During the Angelus on this Third Sunday of Advent, Pope Francis greeted the many pilgrims present, including many families with their children, who brought little statuettes of the Child Jesus to be blessed on this day, known as "Bambinelli Sunday". Saint Pope Paul VI started this tradition over fifty years ago.
Speaking from the window of the Apostolic Palace overlooking the Square, Pope Francis greeted the children present, wishing them and their families a blessed Christmas. He blessed the figurines of the Child Jesus they brought with them to be placed in their Christmas nativity scenes back home.
He also offered special greetings to pilgrims from Latin America present in St. Peter's Square as part of a group dedicated to Our Lady of Guadalupe, whose feast is celebrated annually on December 12. He also greeted all those from Caritas Internationalis celebrating their 70th anniversary, and praised their work helping the most vulnerable in the world, especially those affected by environmental degradation.

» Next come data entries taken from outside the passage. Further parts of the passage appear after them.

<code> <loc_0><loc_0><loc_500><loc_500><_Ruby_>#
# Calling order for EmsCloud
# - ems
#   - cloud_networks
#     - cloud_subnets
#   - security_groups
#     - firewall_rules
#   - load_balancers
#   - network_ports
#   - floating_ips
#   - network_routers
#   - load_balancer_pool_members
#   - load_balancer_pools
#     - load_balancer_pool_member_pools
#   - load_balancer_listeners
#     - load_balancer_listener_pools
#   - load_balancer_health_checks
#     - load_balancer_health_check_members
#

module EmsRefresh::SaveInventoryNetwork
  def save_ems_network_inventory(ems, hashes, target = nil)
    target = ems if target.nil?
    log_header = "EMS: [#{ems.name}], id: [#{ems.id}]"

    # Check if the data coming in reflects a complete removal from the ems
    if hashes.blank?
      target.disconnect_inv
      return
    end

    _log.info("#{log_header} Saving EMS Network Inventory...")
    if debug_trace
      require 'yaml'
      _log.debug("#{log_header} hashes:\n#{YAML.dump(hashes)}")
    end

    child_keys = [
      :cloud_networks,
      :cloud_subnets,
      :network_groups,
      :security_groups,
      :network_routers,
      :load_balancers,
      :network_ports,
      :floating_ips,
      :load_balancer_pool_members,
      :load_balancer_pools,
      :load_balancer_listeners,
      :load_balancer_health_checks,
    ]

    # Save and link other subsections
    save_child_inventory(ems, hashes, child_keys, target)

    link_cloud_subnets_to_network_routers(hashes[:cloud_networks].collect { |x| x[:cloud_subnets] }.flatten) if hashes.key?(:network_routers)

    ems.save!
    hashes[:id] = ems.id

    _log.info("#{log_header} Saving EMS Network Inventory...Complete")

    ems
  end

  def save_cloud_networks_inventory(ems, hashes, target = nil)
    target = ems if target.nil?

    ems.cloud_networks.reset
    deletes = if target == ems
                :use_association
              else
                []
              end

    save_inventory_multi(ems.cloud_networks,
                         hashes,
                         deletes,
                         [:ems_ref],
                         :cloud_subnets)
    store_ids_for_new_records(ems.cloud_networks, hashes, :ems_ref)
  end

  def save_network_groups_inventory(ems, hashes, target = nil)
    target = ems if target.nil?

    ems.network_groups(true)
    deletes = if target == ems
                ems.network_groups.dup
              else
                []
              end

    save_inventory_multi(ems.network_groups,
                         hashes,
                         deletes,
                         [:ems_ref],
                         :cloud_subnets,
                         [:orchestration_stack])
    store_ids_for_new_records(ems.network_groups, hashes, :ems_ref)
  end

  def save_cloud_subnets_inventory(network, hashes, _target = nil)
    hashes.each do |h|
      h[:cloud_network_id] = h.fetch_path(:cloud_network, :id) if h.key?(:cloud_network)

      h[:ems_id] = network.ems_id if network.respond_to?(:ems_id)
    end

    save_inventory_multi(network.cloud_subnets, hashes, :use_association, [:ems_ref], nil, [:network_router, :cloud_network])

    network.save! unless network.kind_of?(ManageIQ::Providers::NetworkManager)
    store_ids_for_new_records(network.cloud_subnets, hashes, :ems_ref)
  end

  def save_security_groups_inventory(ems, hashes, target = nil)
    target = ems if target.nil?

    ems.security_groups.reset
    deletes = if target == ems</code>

Before leading the recitation of the Angelus, the Pope reflected on today's Gospel reading, which recounts John the Baptist responding to those who come to him asking how to change their lives for the better, since their hearts were touched by the Lord. It reflects an enthusiasm for the Lord's coming and a desire to prepare themselves concretely for this joyous, life-changing experience. In the same way, we too should ask ourselves what we should do within our own lives, the Pope suggested, and reflect on what we are called to do and become.
The question of what we are to do recalls that "life has a task for us", the Pope said. It is not something left to chance, but rather, "It is a gift that the Lord grants us", since He asks to discover ourselves and "to work hard to make the dream that is your life come true". We all have a mission to accomplish, he explained, and we should not be afraid to ask the Lord this question often: What can we do for the Lord, and what can we for ourselves, our brothers and sisters, the Pope asked, and how can this be translated concretely into contributing to the good of the Church and society? Advent is the time we need "to stop and ask ourselves how to prepare for Christmas", what we should do for Jesus and others.

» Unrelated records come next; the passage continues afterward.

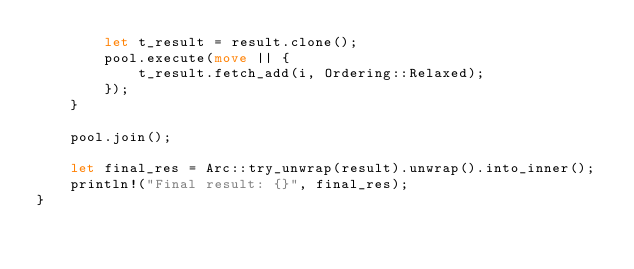<code> <loc_0><loc_0><loc_500><loc_500><_Rust_>        let t_result = result.clone();
        pool.execute(move || {
            t_result.fetch_add(i, Ordering::Relaxed);
        });
    }

    pool.join();

    let final_res = Arc::try_unwrap(result).unwrap().into_inner();
    println!("Final result: {}", final_res);
}
</code> 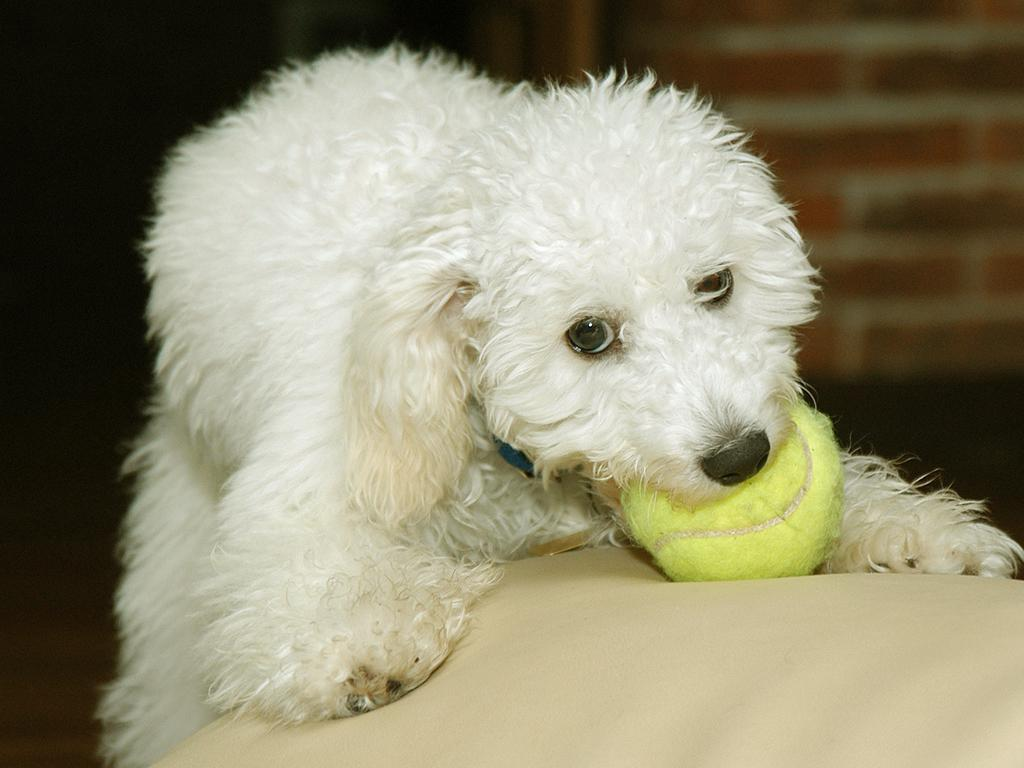What animal can be seen in the image? There is a dog in the image. What is the dog holding in its mouth? The dog is holding a ball in its mouth. What position is the dog in? The dog is laying on a surface. How is the background of the image depicted? The background of the dog is blurred. What type of stamp can be seen on the dog's collar in the image? There is no stamp visible on the dog's collar in the image. Can you see a net being used to catch the dog in the image? There is no net present in the image, and the dog is not being caught.

John the Baptist, in responding to those who ask him "what should we do?", gives each person a very concrete reply to their life situation. And this offers a precious teaching, the Pope said, that "faith is incarnated in concrete life", touching us personally and transforming our lives.
In conclusion, he encouraged everyone to think concretely about what we can do, small or big, in our own lives as we prepare for Christmas. This could mean visiting someone who is alone, helping the elderly or the ill, or serving the poor or someone in need. It may also mean asking for forgiveness for our mistakes, paying a debt, clarifying a misunderstanding, or praying more. We can all find something concrete to do, the Pope emphasized, adding, "May the Blessed Mother help us!"